Preserved for Posterity

What better way to show your cat how important they are than recording everything they do? It’s also important to get plenty of evidence in case you do something wrong, so your cat is justified in their decision to pounce you one day and end your whole existence.

A Worthy Throne

Whether they like to admit it or not, cats do like to be near their person. If for no other reason, than to keep tabs on them (after all, you may decide to dig into the cat treats). Placing a shoebox near your workspace for your cat to sit in is a thoughtful gesture… and one that I’m sure the cat will appreciate as they lounge atop their true throne – aka your $5,000 printer – judging you.

Gifts to the Gods

Cats appreciate a servant that does their research… and homework. By sitting in front of our computer screens for hours on end, trying to figure out the 500 steps involved in creating the perfect DIY scratchers with catnip cubbyholes we plan to put in every room, we’re really just showing how much we care for our feline masters. We’re proving to them that we’re willing to go that extra mile. Of course, they’ll steadfastly eschew said DIY scratchers, regardless of how much sweat and blood (literally) we put into them, preferring instead to assert their reign by adding their loving touch to our furniture.

the queen at rest

Don’t get me wrong. I’m a cat person. I love cats, always have. But I understand they’re on a higher plane than the rest of us. Unlike dogs, cats do what they want. If they come when we call or go along with performing our silly little tricks, it’s only because they’re placating us … to give us a sense of value and significance.  In so doing, they assert control over us, not the other way around.

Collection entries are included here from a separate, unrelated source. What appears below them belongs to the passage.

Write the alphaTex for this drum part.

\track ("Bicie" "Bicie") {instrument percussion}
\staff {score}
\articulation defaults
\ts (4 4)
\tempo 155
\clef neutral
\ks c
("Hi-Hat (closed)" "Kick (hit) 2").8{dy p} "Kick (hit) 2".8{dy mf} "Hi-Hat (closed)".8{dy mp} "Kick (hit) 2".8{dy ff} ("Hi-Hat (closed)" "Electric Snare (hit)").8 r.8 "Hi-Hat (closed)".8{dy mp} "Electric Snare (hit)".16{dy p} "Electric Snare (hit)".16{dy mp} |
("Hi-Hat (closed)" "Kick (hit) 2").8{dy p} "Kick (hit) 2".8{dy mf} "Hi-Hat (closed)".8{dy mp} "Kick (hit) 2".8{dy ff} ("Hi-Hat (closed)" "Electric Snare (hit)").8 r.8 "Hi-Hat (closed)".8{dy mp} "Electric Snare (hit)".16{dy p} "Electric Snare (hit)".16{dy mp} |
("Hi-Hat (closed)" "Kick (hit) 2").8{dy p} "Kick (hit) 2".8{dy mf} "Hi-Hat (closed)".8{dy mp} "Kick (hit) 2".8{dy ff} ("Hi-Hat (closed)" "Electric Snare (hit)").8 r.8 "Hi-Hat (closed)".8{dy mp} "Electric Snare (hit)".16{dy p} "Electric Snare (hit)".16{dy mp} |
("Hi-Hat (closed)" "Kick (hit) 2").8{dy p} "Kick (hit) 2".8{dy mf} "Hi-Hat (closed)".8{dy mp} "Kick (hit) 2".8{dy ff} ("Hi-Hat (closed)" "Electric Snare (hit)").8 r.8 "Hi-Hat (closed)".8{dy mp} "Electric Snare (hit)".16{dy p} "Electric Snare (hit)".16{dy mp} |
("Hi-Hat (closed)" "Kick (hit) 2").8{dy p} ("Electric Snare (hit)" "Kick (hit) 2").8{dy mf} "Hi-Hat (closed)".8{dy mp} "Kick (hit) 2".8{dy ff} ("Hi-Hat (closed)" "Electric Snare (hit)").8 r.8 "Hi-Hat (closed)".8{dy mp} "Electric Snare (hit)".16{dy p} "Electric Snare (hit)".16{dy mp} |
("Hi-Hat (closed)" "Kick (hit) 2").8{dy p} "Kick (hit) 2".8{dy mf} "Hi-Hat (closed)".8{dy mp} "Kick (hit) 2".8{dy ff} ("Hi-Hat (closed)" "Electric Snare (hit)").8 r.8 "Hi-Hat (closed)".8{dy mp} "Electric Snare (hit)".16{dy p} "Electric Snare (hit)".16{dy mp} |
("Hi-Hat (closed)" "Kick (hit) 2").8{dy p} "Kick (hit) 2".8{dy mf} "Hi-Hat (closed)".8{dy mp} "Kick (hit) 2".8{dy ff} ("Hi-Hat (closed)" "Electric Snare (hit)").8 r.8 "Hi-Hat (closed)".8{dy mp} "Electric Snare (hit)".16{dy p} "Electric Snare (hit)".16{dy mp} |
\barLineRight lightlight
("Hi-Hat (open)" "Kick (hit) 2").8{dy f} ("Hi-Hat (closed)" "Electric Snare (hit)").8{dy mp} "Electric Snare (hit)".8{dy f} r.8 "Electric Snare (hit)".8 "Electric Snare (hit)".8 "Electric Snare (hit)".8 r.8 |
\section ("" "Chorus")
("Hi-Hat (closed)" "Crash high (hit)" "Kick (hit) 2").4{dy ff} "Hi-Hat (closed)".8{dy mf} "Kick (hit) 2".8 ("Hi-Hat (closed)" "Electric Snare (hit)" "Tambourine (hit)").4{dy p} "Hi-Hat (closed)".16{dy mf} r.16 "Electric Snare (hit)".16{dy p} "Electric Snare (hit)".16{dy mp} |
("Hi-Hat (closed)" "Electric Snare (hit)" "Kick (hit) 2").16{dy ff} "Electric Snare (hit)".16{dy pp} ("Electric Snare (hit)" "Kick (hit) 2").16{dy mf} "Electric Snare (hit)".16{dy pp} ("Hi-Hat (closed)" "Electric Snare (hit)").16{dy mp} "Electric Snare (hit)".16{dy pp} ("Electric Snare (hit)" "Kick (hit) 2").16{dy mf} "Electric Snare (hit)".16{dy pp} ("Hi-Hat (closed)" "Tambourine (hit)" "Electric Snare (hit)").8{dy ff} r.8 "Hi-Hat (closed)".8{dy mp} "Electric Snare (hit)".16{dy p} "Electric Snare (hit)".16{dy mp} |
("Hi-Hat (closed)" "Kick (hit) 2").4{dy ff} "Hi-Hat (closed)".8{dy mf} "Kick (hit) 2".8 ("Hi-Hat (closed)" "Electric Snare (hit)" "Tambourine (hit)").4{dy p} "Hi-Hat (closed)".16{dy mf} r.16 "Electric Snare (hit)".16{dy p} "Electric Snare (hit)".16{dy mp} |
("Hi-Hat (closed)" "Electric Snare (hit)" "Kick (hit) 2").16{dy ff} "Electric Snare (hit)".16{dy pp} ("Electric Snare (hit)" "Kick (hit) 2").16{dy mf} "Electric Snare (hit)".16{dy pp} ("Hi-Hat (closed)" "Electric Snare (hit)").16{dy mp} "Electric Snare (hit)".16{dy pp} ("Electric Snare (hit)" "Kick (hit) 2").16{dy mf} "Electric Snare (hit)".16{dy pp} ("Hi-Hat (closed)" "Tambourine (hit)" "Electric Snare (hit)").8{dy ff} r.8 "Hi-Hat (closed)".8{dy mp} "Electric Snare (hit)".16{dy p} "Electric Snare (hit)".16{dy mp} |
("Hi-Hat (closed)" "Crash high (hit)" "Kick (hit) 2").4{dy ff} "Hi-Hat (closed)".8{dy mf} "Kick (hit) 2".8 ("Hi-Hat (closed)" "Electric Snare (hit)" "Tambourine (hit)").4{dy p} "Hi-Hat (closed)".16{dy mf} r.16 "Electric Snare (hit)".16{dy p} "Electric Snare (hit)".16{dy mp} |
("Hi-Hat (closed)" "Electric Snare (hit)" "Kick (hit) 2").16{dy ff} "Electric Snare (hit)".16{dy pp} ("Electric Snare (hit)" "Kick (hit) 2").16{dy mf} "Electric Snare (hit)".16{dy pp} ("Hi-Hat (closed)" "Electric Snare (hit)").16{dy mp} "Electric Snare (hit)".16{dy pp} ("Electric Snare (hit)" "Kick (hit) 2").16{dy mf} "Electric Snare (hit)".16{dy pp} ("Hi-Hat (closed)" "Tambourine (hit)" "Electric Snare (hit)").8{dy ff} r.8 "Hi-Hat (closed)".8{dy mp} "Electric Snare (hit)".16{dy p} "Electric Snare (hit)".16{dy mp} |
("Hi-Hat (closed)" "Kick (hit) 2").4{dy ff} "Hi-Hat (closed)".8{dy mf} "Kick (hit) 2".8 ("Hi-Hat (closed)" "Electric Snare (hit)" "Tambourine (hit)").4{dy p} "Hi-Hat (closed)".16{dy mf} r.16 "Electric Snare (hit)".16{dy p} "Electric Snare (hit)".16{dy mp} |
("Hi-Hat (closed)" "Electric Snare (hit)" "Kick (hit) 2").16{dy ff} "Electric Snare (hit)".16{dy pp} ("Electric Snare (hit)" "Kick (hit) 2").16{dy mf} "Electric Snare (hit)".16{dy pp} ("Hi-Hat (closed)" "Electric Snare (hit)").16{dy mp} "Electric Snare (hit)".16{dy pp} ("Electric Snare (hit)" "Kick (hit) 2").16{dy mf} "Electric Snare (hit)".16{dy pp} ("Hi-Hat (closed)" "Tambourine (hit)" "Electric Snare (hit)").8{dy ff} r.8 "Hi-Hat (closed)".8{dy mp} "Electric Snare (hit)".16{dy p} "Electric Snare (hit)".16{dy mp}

Have you ever taught a cat a trick and then tried to show off that trick in front of people only to be met with a look of bewilderment from your feline performer? You want me to do what?  You must be joking. What do you do? Of course. Give more treats in a desperate attempt to prove to your audience that the cat can, in fact, do said trick. This cycle continues, sometimes for weeks, sometimes for months, until the little fur-covered jerk cat becomes bored with their own game and refuses to do the trick even when you’re alone.

Yet you will continue plying the fickle feline with treats and praise and attention. And do you know why that is?  Because you’re the servant anxious to please your master. They’ve trained you well.  I mean, hey, I get it. I’m not judging. I have two of my own, and trust me, I spend my days making sure they are happy enough to not kill me in my sleep.

Some cats are cute, making us go awwww… some cats are beautiful and make us go… oooooo. Just never forget, they’re large and in charge and we are but humble domestics in their household.